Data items
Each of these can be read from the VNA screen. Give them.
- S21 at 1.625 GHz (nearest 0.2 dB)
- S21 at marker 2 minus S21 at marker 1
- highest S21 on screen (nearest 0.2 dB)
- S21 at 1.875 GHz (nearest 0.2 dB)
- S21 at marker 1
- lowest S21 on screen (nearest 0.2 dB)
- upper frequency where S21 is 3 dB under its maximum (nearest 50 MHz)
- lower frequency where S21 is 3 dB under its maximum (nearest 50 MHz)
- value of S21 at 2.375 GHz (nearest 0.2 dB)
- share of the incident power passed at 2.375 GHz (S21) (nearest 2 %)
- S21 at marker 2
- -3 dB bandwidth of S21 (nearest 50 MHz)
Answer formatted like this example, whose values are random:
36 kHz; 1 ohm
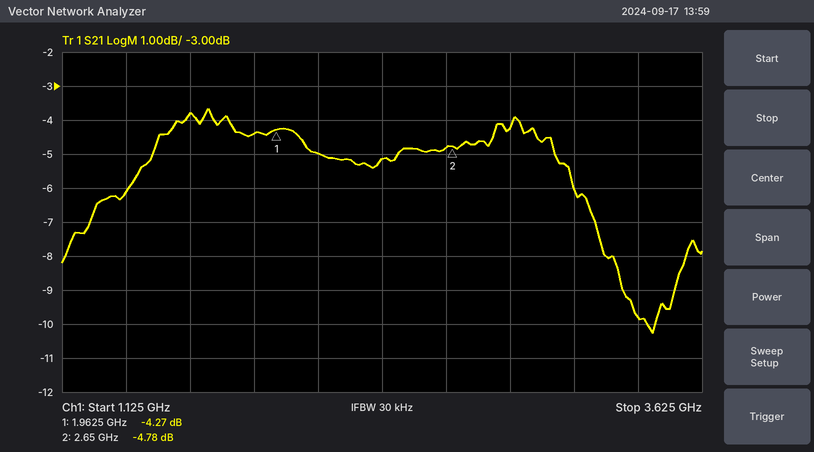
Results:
-3.8 dB; -0.51 dB; -3.6 dB; -4.4 dB; -4.27 dB; -10.2 dB; 3.20 GHz; 1.25 GHz; -5.2 dB; 30 %; -4.78 dB; 1.95 GHz
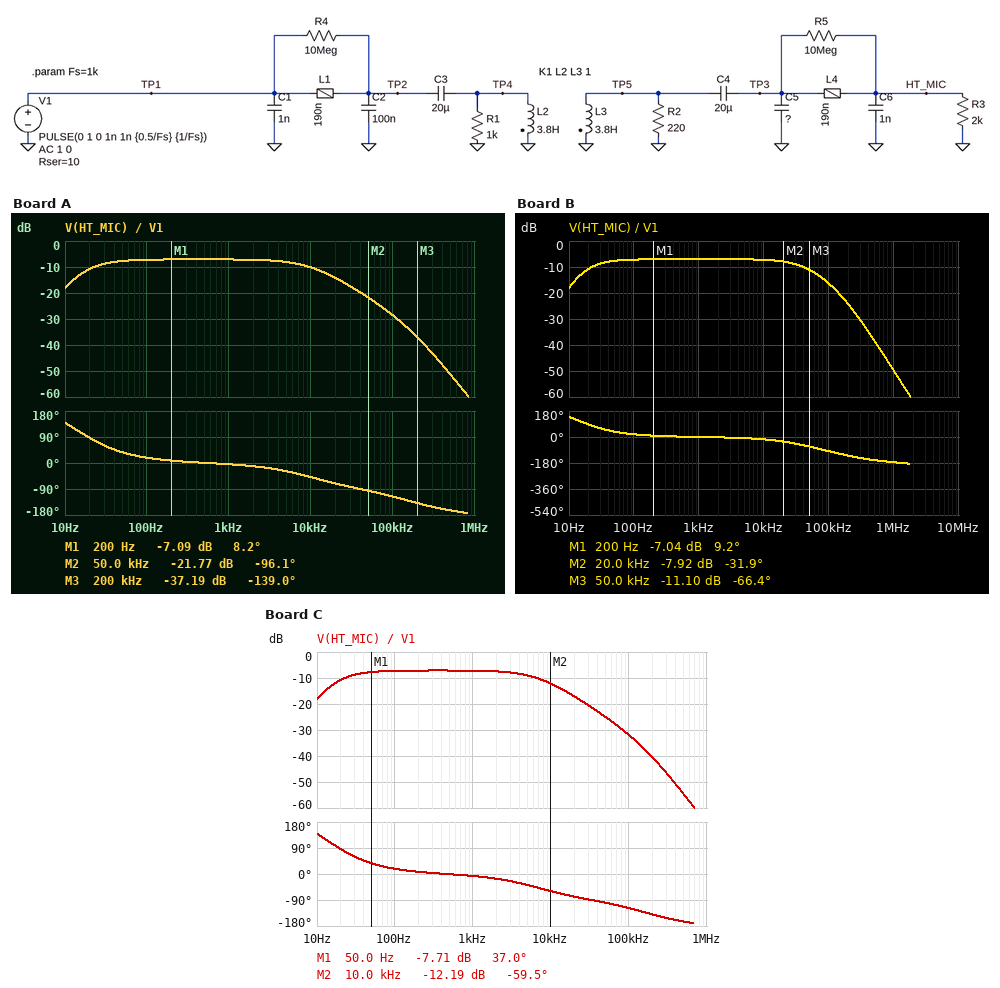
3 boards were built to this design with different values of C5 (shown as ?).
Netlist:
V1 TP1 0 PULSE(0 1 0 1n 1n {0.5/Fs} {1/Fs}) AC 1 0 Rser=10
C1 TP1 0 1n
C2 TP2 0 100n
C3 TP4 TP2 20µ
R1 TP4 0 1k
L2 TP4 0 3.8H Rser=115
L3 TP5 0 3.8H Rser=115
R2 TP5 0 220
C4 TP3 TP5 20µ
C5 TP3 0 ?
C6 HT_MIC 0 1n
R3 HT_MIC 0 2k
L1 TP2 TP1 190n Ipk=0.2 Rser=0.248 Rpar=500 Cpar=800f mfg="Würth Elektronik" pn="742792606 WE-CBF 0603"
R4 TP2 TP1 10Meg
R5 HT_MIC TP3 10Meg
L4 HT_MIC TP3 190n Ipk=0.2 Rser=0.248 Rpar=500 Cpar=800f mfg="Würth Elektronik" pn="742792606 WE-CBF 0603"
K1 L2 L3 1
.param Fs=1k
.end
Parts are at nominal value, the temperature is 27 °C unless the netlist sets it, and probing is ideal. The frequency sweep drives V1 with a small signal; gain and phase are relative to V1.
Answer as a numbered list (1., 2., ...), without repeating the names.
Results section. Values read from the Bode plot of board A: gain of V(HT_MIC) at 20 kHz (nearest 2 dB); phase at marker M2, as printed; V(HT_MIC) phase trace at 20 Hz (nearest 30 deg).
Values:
1. -14 dB
2. -96.1 deg
3. 90 deg
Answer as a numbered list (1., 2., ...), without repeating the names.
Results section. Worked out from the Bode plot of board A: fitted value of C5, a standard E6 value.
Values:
1. 150 nF
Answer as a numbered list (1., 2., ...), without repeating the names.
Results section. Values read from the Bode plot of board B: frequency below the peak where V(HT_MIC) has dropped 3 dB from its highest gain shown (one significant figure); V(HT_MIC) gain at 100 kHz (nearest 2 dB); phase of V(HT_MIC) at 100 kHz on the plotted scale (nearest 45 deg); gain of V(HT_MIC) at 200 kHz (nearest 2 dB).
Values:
1. 20 Hz
2. -16 dB
3. -90 deg
4. -24 dB
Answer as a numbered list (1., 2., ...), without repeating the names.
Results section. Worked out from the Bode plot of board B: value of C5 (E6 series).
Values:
1. 33 nF
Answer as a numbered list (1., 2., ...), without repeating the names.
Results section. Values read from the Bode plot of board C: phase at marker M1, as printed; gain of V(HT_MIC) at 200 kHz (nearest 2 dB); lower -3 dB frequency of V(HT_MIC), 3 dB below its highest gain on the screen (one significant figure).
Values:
1. 37.0 deg
2. -40 dB
3. 20 Hz
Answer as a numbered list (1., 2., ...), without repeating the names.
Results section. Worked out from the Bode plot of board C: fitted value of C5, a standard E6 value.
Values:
1. 220 nF
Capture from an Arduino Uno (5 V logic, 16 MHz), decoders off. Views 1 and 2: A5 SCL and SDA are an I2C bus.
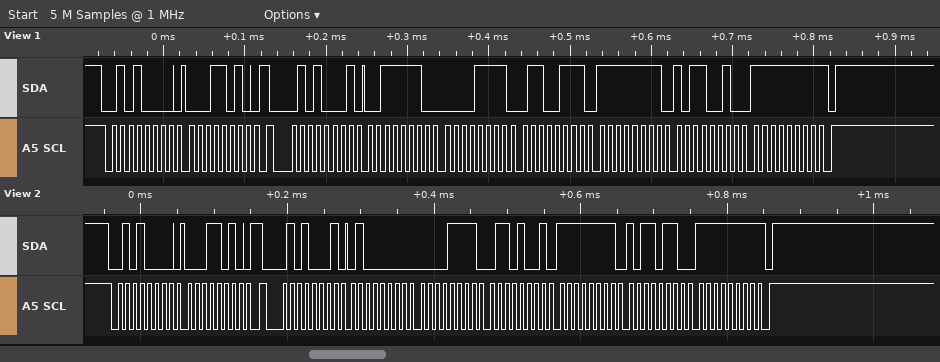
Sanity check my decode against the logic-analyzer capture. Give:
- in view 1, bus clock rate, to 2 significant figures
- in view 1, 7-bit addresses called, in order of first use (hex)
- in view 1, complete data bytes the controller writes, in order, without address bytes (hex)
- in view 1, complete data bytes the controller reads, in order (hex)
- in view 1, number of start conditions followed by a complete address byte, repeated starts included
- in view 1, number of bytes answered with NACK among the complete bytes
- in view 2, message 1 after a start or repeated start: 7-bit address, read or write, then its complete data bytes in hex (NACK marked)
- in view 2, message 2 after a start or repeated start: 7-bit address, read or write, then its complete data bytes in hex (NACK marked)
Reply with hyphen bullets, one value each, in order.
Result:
- 100 kHz
- 0x28
- 1A
- 3E 0F 67 FF B2 FF
- 2
- 1
- 0x28 write: 1A
- 0x28 read: 40 0F 69 FF B6 FF NACK
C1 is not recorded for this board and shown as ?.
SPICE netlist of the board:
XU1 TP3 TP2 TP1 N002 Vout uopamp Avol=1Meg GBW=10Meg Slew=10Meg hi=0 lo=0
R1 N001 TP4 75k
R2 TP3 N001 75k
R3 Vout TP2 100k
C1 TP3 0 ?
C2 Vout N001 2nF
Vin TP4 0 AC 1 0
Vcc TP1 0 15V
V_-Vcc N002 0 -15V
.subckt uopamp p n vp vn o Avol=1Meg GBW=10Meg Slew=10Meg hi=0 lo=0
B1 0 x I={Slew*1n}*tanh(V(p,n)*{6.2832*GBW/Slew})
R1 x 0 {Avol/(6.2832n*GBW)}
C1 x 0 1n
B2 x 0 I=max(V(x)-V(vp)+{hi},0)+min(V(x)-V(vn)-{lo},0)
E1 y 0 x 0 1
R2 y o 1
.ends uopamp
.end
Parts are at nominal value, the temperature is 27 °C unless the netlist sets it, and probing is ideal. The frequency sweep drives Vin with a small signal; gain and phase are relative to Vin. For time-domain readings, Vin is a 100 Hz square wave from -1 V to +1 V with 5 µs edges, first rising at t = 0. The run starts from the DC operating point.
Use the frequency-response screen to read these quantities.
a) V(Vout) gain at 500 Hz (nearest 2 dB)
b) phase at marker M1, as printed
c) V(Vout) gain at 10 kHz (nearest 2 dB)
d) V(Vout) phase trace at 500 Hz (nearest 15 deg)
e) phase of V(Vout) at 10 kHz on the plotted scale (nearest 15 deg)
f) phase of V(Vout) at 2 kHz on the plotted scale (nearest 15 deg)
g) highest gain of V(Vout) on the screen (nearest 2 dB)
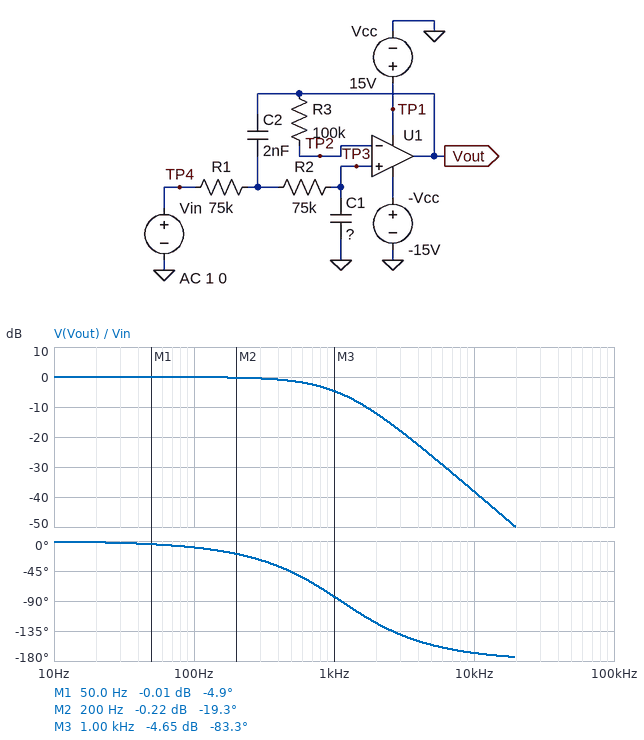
-2 dB
-4.9 deg
-38 dB
-45 deg
-165 deg
-120 deg
0 dB
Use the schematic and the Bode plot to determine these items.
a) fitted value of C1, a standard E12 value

1.8 nF
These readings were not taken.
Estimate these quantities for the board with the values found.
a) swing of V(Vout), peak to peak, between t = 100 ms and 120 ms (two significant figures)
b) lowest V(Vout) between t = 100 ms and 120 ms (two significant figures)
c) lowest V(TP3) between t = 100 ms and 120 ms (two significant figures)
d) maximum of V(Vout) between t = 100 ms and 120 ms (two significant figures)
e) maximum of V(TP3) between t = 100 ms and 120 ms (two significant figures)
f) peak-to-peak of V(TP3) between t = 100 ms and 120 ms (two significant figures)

2.0 V
-1.0 V
-1.0 V
1.0 V
1.0 V
2.0 V
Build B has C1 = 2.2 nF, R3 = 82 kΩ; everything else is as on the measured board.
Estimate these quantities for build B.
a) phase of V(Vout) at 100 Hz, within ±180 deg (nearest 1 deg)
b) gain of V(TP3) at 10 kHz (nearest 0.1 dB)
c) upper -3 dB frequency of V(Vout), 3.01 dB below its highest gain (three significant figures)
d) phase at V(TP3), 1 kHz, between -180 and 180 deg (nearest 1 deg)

-12 deg
-39.9 dB
609 Hz
-89 deg
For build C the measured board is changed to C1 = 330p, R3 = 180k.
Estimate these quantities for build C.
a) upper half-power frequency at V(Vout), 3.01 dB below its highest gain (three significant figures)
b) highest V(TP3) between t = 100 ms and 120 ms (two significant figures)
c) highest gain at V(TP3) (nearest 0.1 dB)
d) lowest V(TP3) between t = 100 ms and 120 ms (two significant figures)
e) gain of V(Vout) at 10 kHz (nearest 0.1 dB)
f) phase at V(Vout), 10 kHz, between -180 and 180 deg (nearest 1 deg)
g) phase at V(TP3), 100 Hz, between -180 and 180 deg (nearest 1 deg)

3.10 kHz
1.5 V
2.6 dB
-1.5 V
-22.9 dB
-167 deg
-2 deg
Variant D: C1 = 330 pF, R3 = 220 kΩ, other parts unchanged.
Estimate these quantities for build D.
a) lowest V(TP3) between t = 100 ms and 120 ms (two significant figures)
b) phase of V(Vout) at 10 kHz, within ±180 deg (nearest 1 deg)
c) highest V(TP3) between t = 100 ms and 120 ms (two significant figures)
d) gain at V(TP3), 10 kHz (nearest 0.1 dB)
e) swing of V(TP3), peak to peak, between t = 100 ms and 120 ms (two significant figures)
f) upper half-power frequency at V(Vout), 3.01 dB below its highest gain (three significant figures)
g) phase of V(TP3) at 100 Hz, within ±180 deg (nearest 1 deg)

-1.5 V
-167 deg
1.5 V
-22.9 dB
3.0 V
3.10 kHz
-2 deg
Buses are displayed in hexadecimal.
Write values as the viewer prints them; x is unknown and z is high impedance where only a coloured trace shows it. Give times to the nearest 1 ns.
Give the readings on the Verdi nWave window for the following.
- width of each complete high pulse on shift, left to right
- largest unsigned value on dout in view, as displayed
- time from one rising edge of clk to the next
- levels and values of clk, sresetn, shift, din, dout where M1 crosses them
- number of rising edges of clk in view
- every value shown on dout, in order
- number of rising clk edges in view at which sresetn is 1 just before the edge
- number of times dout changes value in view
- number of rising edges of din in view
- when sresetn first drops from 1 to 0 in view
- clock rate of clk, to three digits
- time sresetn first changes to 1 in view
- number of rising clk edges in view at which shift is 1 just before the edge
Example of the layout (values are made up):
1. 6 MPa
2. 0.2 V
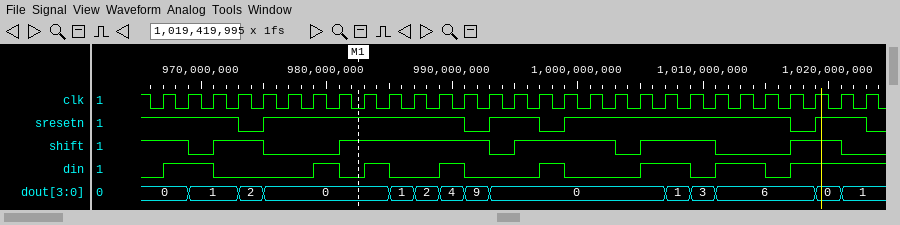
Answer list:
1. 4 ns, 12 ns, 8 ns, 6 ns, 4 ns
2. 9
3. 2 ns
4. clk=0, sresetn=1, shift=1, din=0, dout=0
5. 29
6. 0, 1, 2, 0, 1, 2, 4, 9, 0, 1, 3, 6, 0, 1
7. 25
8. 13
9. 8
10. 973 ns
11. 500 MHz
12. 975 ns
13. 19
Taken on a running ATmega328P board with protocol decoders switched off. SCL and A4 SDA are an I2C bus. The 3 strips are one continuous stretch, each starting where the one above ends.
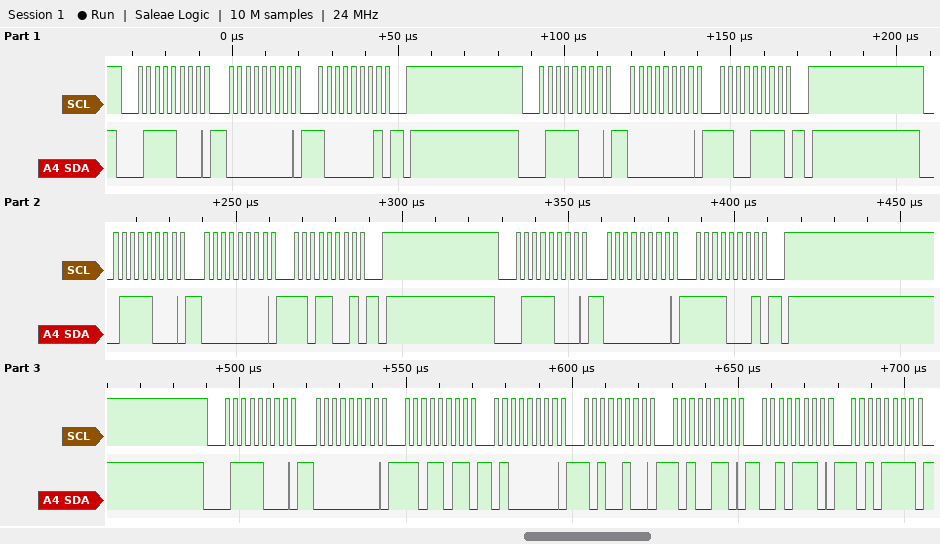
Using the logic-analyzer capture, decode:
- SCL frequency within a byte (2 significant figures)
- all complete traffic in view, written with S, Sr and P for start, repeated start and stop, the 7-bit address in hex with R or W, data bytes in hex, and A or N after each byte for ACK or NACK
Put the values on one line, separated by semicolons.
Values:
400 kHz; S 3CW A 00 A 81 A P S 3CW A 00 A CF A P S 3CW A 00 A D9 A P S 3CW A 00 A F1 A P S 3CW A 00 A DB A 40 A A4 A A6 A 2E A AF A
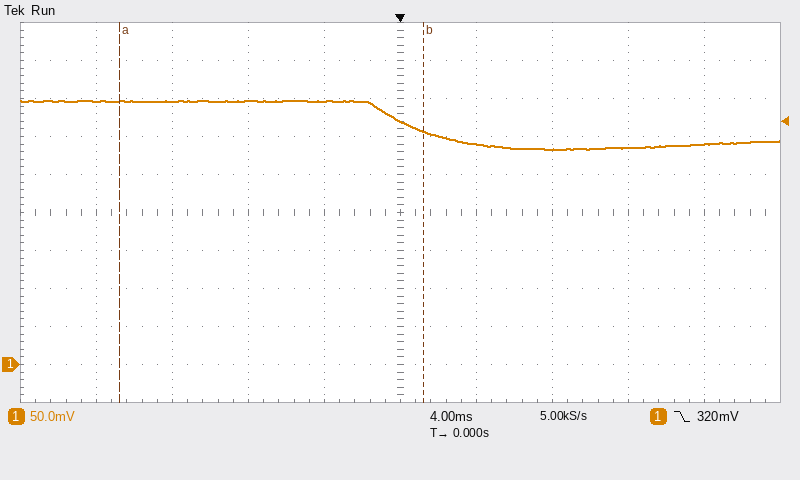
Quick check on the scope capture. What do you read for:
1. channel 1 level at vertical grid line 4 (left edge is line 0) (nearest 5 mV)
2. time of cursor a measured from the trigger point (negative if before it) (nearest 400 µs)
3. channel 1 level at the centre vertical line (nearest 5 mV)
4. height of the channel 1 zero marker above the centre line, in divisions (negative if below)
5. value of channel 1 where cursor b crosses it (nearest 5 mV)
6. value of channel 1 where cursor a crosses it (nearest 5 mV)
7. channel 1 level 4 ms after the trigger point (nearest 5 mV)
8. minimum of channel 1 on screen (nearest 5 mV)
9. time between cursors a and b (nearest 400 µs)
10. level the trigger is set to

345 mV
-14.8 ms
320 mV
-4.0 div
305 mV
345 mV
290 mV
285 mV
16.0 ms
320 mV
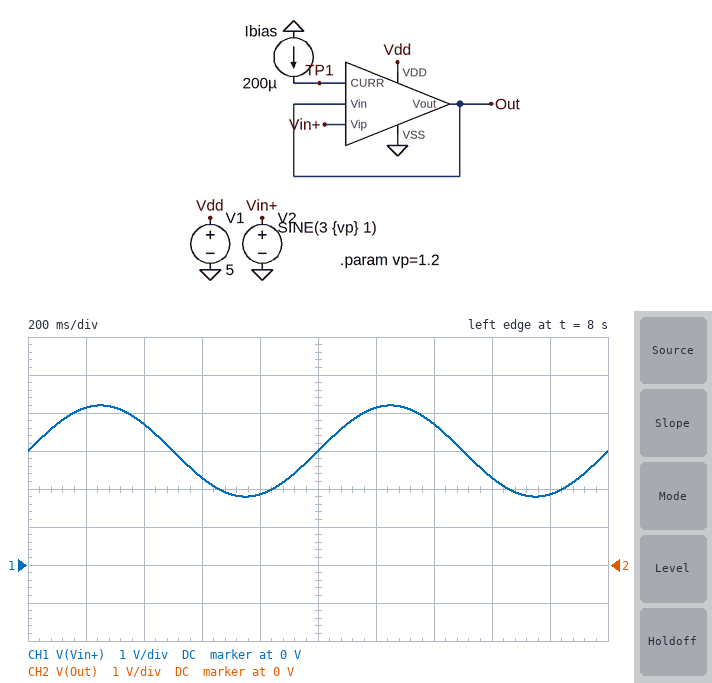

__PROMPT__.
I would like the exact lines from the data above, starting with the one that holds "- value of S21 at 2.375 GHz (nearest 0.2 dB)" and going on through the one that holds "R4 TP2 TP1 10Meg", without the pictures.

__SOLUTION FOR THIS PROBLEM__.
- value of S21 at 2.375 GHz (nearest 0.2 dB)
- share of the incident power passed at 2.375 GHz (S21) (nearest 2 %)
- S21 at marker 2
- -3 dB bandwidth of S21 (nearest 50 MHz)
Answer formatted like this example, whose values are random:
36 kHz; 1 ohm
Results:
-3.8 dB; -0.51 dB; -3.6 dB; -4.4 dB; -4.27 dB; -10.2 dB; 3.20 GHz; 1.25 GHz; -5.2 dB; 30 %; -4.78 dB; 1.95 GHz
3 boards were built to this design with different values of C5 (shown as ?).
Netlist:
V1 TP1 0 PULSE(0 1 0 1n 1n {0.5/Fs} {1/Fs}) AC 1 0 Rser=10
C1 TP1 0 1n
C2 TP2 0 100n
C3 TP4 TP2 20µ
R1 TP4 0 1k
L2 TP4 0 3.8H Rser=115
L3 TP5 0 3.8H Rser=115
R2 TP5 0 220
C4 TP3 TP5 20µ
C5 TP3 0 ?
C6 HT_MIC 0 1n
R3 HT_MIC 0 2k
L1 TP2 TP1 190n Ipk=0.2 Rser=0.248 Rpar=500 Cpar=800f mfg="Würth Elektronik" pn="742792606 WE-CBF 0603"
R4 TP2 TP1 10Meg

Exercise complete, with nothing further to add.